Quizo incorporarse, asustada y confundida, pero sogas amarraban sus pies y muñecas.

Su respiración comenzó a agitarse y sintió el nudo en su garganta.

Peleó contra las atuduras, logrando que estas rasparan su piel, sin ceder ante las quejas de la muchacha.

Dejó caer la cabeza sobre la superficie de metal, intentando calmarse y asimilar en dónde se encontraba.

Era una sala de hospital, pequeña y cuyas paredes revestidas en metal brillaban con las luces de emergencia que permanecían encendidas.

Siete contempló el equipamiento dispuesto en una pequeña mesa de metal, justo al lado de donde ella estaba amarrada.
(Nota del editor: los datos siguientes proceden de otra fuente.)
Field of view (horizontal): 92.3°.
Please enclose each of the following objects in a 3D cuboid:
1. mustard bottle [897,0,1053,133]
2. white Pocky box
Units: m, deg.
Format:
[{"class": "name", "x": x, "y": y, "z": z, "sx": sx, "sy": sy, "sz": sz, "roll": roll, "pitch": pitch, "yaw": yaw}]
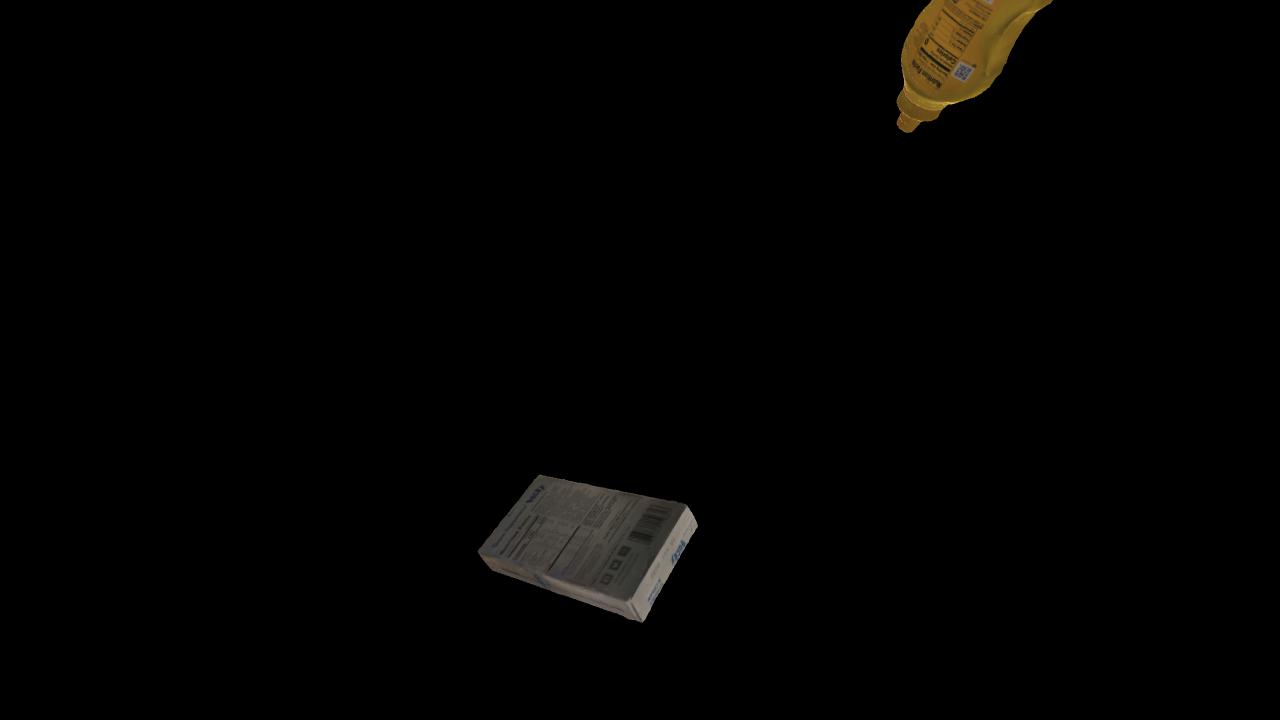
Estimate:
[{"class": "mustard bottle", "x": 0.277, "y": -0.278, "z": 0.534, "sx": 0.054, "sy": 0.092, "sz": 0.184, "roll": -31, "pitch": -21, "yaw": -26}, {"class": "white Pocky box", "x": -0.042, "y": 0.131, "z": 0.452, "sx": 0.154, "sy": 0.028, "sz": 0.084, "roll": 1, "pitch": 39, "yaw": 39}]

Agujas, vendas, tijeras y muchos otros elementos desconocidos para ella emitían leves destellos que encandilaban a la muchacha.
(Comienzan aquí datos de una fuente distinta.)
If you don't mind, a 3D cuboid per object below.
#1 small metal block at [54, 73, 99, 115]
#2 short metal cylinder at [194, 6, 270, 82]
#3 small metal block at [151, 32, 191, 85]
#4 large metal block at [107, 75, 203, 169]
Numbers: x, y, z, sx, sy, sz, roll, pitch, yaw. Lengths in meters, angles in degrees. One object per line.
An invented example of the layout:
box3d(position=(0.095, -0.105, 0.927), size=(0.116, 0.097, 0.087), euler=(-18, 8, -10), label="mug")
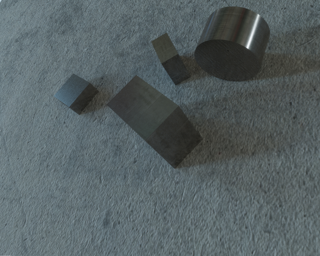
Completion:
box3d(position=(-0.138, -0.056, 0.508), size=(0.050, 0.025, 0.050), euler=(30, 78, 37), label="small metal block")
box3d(position=(0.089, -0.101, 0.383), size=(0.080, 0.080, 0.050), euler=(9, 67, 32), label="short metal cylinder")
box3d(position=(0.016, -0.097, 0.438), size=(0.025, 0.050, 0.050), euler=(-28, 52, 10), label="small metal block")
box3d(position=(-0.005, -0.007, 0.374), size=(0.050, 0.080, 0.080), euler=(-46, 52, -4), label="large metal block")

No había mucho más en el lugar, a excepción de la camilla metálica donde la perturbada joven intentaba encontrarle sentido a lo que ocurría.

Siete contempló su cuerpo, viendo el camisón, que alguna vez había sido blanco, teñido de un claro color arena, con algunos agujeros y manchas rojizas, sangre.

Respiró, angustiada, y el pánico regresó a sus ojos cuando vio la enorme aguja metálica que se abría paso por su atebrazo derecho y escarbaba en su piel, enviando cedantes, inservibles, a su sangre.

Forcejeó, con la angustia acrecentándose en su pecho.

No pudo pensar en algo más que en salir de ese lugar y esconderse donde nadie pudiera encontrarla, donde nadie pudiera continuar asustándola.

Se obligó a calmarse, e intentó incorporarse, quedando casi de costado y más cerca de su brazo izquierdo.

Observó la soga que mantenía en su lugar a su muñeca y comenzó a morderla ferozmente, escupiendo a ratos los hilos que se colaban en sus dientes.

Con paciencia terminó por cortarla, y con ayuda de esa mano y de sus caninos, logró dejar libre la segunda mano.

Extrajo la aguja de su piel, entre jadeos de dolor, y la utilizó para cortar el resto de sogas que mantenían firmes sus piernas.